Re: liburcu: LTO breaking rcu_dereference on arm64 and possibly other architectures ?
From: Paul E. McKenney
Date: Fri Apr 16 2021 - 16:01:50 EST
On Fri, Apr 16, 2021 at 03:30:53PM -0400, Mathieu Desnoyers wrote:
> ----- On Apr 16, 2021, at 3:02 PM, paulmck paulmck@xxxxxxxxxx wrote:
> [...]
> >
> > If it can be done reasonably, I suggest also having some way for the
> > person building userspace RCU to say "I know what I am doing, so do
> > it with volatile rather than memory_order_consume."
>
> Like so ?
>
> #define CMM_ACCESS_ONCE(x) (*(__volatile__ __typeof__(x) *)&(x))
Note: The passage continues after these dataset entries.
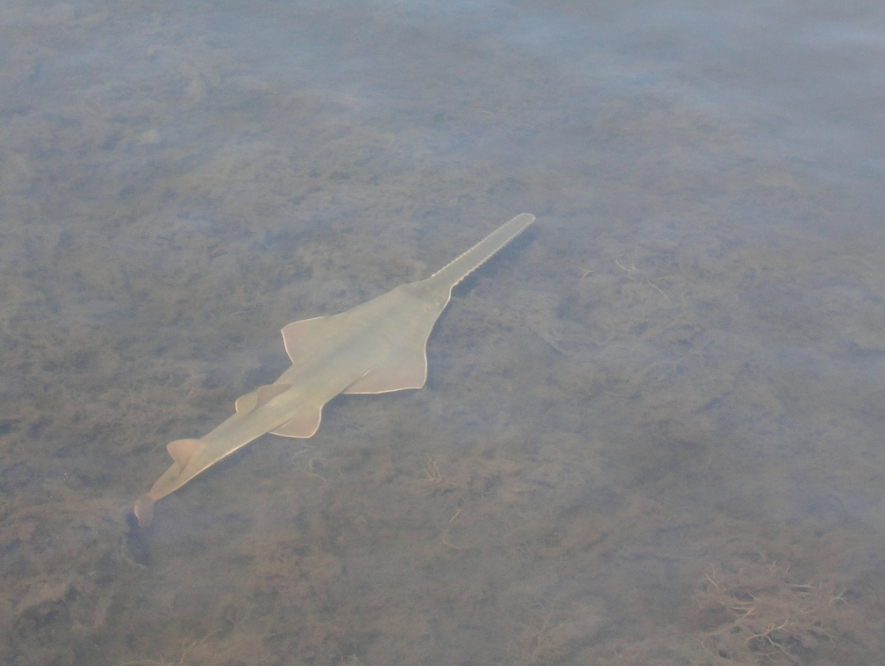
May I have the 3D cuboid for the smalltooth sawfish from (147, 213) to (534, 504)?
[{"bbox_3d":[-1.467,0.324,18.254,6.939,0.864,2.213,-31,65,-28],"label":"smalltooth sawfish"}]
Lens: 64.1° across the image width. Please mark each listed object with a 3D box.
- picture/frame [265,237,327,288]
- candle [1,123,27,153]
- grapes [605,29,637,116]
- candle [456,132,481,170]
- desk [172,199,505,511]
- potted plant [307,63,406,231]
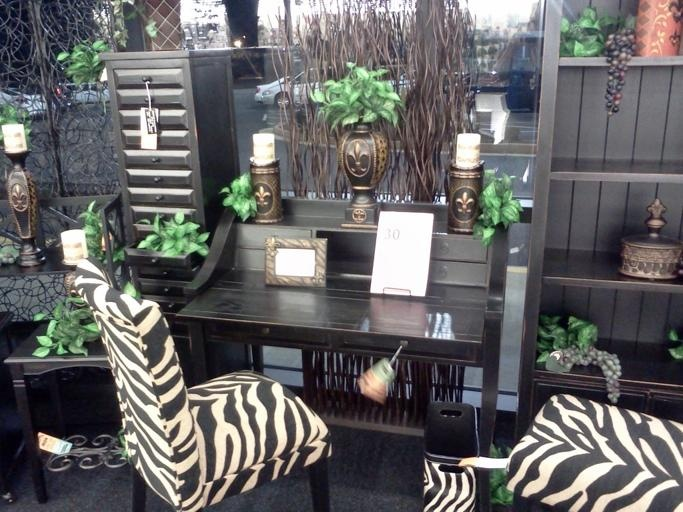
[{"bbox_3d":[-0.203,0.037,2.525,0.199,0.169,0.028,2,1,10],"label":"picture/frame"},{"bbox_3d":[-1.548,-0.557,2.601,0.098,0.137,0.094,-8,14,-31],"label":"candle"},{"bbox_3d":[1.025,-0.680,2.022,0.096,0.299,0.057,5,13,26],"label":"grapes"},{"bbox_3d":[0.547,-0.469,2.451,0.134,0.162,0.141,0,6,10],"label":"candle"},{"bbox_3d":[-0.010,0.397,2.384,1.159,1.205,0.661,4,14,18],"label":"desk"},{"bbox_3d":[0.088,-0.498,2.586,0.375,0.733,0.376,-3,11,-9],"label":"potted plant"}]
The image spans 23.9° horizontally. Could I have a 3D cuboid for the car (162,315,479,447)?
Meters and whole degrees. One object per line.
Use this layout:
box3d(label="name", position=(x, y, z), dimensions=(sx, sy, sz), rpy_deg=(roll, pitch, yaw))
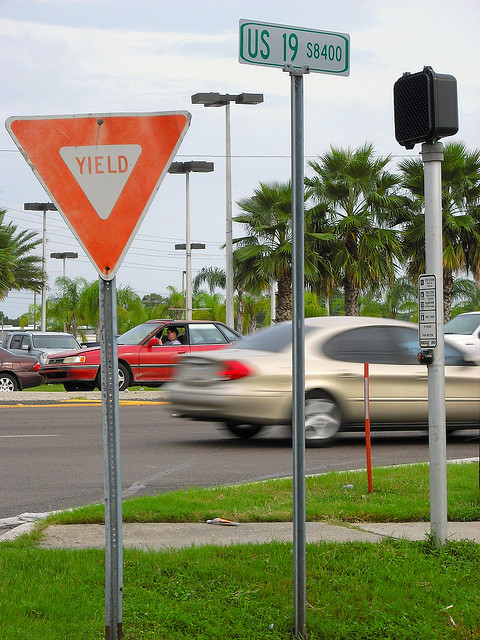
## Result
box3d(label="car", position=(0.877, 0.560, 11.702), dimensions=(3.035, 1.380, 1.464), rpy_deg=(-1, -1, -25))

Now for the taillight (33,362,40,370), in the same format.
box3d(label="taillight", position=(-3.798, 0.858, 21.159), dimensions=(0.107, 0.128, 0.471), rpy_deg=(-2, -1, -11))

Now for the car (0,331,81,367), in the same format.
box3d(label="car", position=(-4.556, 0.540, 24.840), dimensions=(0.971, 0.985, 1.764), rpy_deg=(1, -6, -42))
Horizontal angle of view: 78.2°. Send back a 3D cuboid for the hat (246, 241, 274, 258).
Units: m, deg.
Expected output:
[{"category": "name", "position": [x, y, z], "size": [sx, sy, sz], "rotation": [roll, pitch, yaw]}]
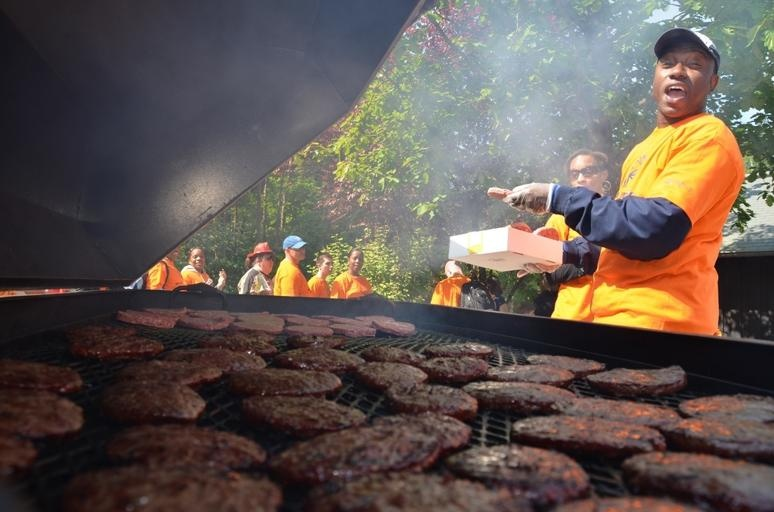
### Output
[{"category": "hat", "position": [-3.237, -0.169, 12.203], "size": [0.596, 0.258, 0.539], "rotation": [-9, 3, -30]}]
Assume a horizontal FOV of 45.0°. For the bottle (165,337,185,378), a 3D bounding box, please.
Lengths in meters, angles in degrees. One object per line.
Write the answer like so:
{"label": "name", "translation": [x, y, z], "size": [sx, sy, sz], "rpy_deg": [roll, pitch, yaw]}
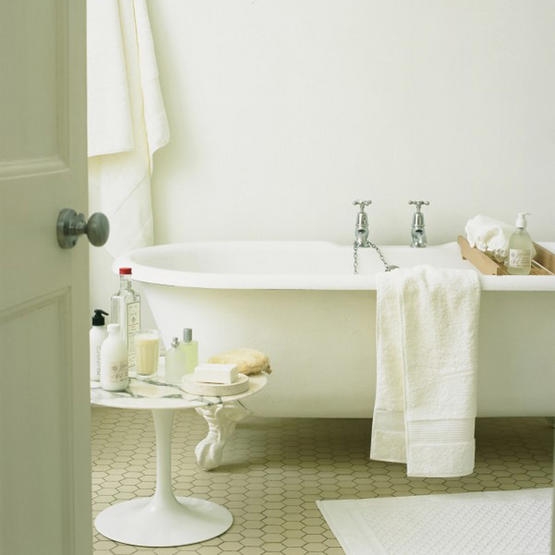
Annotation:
{"label": "bottle", "translation": [-0.263, 0.211, 1.709], "size": [0.049, 0.110, 0.030], "rpy_deg": [-1, 9, -5]}

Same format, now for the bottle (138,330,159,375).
{"label": "bottle", "translation": [-0.341, 0.200, 1.760], "size": [0.057, 0.104, 0.070], "rpy_deg": [-2, 9, -11]}

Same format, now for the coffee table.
{"label": "coffee table", "translation": [-0.277, 0.455, 1.882], "size": [0.472, 0.429, 0.612], "rpy_deg": [-1, 8, -10]}

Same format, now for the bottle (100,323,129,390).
{"label": "bottle", "translation": [-0.398, 0.196, 1.641], "size": [0.066, 0.162, 0.049], "rpy_deg": [-4, 10, -26]}

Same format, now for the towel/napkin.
{"label": "towel/napkin", "translation": [0.431, 0.276, 1.964], "size": [0.290, 0.586, 0.163], "rpy_deg": [1, 9, 9]}
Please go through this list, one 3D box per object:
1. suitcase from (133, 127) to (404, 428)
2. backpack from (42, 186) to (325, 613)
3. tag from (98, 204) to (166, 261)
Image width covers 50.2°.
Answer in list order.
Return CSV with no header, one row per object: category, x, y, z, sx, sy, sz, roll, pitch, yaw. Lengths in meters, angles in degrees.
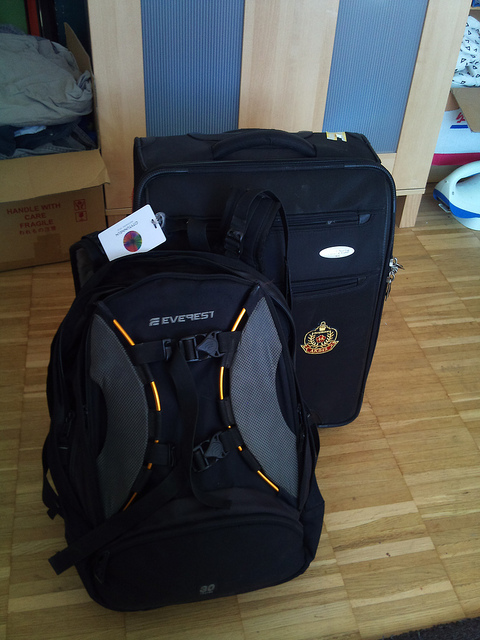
suitcase,0.050,-0.058,1.033,0.482,0.588,0.282,-2,29,-3
backpack,-0.073,0.142,0.817,0.455,0.576,0.327,-6,22,-15
tag,-0.170,-0.138,0.795,0.119,0.080,0.027,-32,14,5
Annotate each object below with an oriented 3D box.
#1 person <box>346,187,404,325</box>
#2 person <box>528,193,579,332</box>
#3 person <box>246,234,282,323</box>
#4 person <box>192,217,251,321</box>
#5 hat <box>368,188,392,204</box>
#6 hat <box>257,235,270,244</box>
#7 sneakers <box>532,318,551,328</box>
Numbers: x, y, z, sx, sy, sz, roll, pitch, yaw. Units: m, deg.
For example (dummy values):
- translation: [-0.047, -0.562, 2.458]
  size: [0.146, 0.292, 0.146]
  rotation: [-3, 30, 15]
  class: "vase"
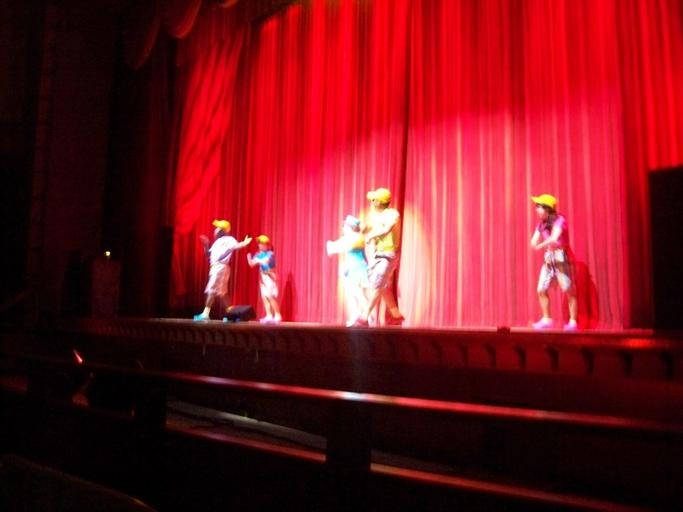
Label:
- translation: [0.452, -0.033, 6.358]
  size: [0.536, 1.786, 1.582]
  rotation: [1, -10, 6]
  class: "person"
- translation: [2.158, -0.002, 5.614]
  size: [0.429, 1.528, 0.747]
  rotation: [-2, -11, 24]
  class: "person"
- translation: [-1.075, 0.316, 7.739]
  size: [0.506, 1.258, 0.804]
  rotation: [4, -10, -6]
  class: "person"
- translation: [-1.708, 0.131, 7.856]
  size: [0.641, 1.689, 1.589]
  rotation: [5, -10, -14]
  class: "person"
- translation: [0.399, -0.653, 5.935]
  size: [0.242, 0.137, 0.169]
  rotation: [14, 10, -1]
  class: "hat"
- translation: [-1.084, -0.233, 7.540]
  size: [0.115, 0.131, 0.157]
  rotation: [3, 8, 4]
  class: "hat"
- translation: [2.056, 0.689, 5.655]
  size: [0.090, 0.077, 0.165]
  rotation: [0, -6, -11]
  class: "sneakers"
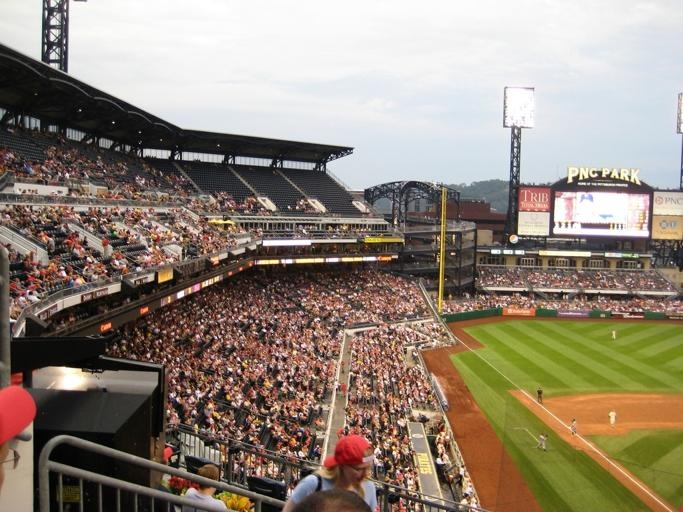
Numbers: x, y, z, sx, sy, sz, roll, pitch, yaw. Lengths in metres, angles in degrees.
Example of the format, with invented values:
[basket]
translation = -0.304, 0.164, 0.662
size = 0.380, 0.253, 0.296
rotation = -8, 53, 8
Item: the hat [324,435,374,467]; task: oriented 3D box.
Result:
[hat]
translation = 0.100, 2.525, 7.820
size = 0.597, 0.281, 0.369
rotation = -4, 16, 7
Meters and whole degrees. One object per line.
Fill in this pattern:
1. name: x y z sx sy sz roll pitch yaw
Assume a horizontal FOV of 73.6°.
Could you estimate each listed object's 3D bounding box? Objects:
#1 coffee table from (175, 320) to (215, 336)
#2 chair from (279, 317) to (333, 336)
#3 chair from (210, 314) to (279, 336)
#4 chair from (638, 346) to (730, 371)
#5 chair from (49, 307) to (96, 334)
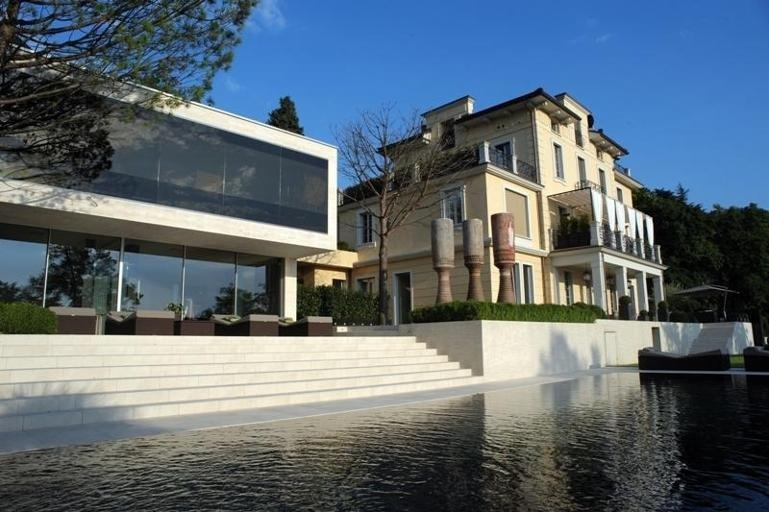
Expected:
1. coffee table: -5.680 2.173 15.515 0.311 0.425 1.072 -7 -13 34
2. chair: -2.666 2.414 17.351 1.244 0.686 2.351 9 -14 -37
3. chair: -4.477 2.214 16.367 1.911 0.635 0.740 -3 -12 18
4. chair: 10.815 3.804 18.516 2.019 0.655 1.388 -5 -9 27
5. chair: -8.302 1.728 13.709 0.924 0.563 0.819 6 -11 -40
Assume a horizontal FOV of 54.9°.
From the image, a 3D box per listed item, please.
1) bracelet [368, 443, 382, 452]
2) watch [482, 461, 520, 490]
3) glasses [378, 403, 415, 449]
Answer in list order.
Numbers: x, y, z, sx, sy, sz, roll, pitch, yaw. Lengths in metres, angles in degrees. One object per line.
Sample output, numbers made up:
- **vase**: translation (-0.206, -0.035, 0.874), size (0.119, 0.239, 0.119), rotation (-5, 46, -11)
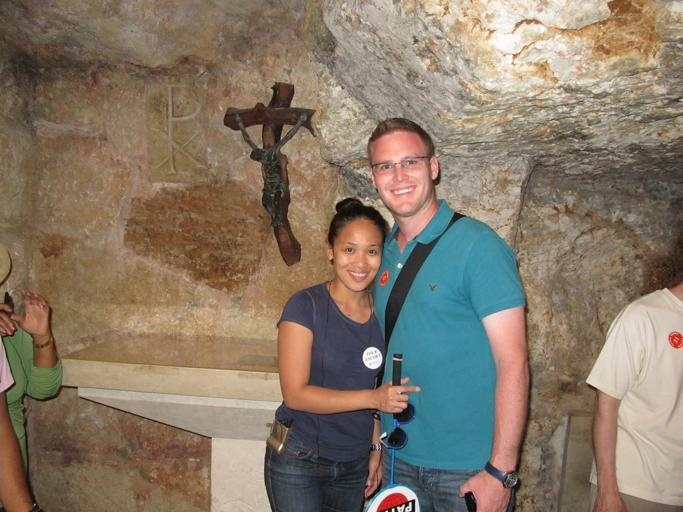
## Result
- **bracelet**: translation (0.136, 0.710, 2.436), size (0.039, 0.021, 0.047), rotation (1, -1, -5)
- **watch**: translation (0.499, 0.695, 2.104), size (0.093, 0.055, 0.098), rotation (27, -4, -40)
- **glasses**: translation (0.162, 0.568, 2.230), size (0.049, 0.146, 0.149), rotation (36, -37, 19)

> #define CMM_LOAD_SHARED(p) CMM_ACCESS_ONCE(p)
>
> /*
> * By defining URCU_DEREFERENCE_USE_VOLATILE, the user requires use of
> * volatile access to implement rcu_dereference rather than
> * memory_order_consume load from the C11/C++11 standards.
> *
> * This may improve performance on weakly-ordered architectures where
> * the compiler implements memory_order_consume as a
> * memory_order_acquire, which is stricter than required by the
> * standard.
> *
> * Note that using volatile accesses for rcu_dereference may cause
> * LTO to generate incorrectly ordered code starting from C11/C++11.
> */
>
> #ifdef URCU_DEREFERENCE_USE_VOLATILE
> # define rcu_dereference(x) CMM_LOAD_SHARED(x)
> #else
> # if defined (__cplusplus)
> # if __cplusplus >= 201103L
> # include <atomic>
> # define rcu_dereference(x) ((std::atomic<__typeof__(x)>)(x)).load(std::memory_order_consume)
> # else
> # define rcu_dereference(x) CMM_LOAD_SHARED(x)
> # endif
> # else
> # if (defined(__STDC_VERSION__) && __STDC_VERSION__ >= 201112L)
> # include <stdatomic.h>
> # define rcu_dereference(x) atomic_load_explicit(&(x), memory_order_consume)
> # else
> # define rcu_dereference(x) CMM_LOAD_SHARED(x)
> # endif
> # endif
> #endif
Looks good to me!
Thanx, Paul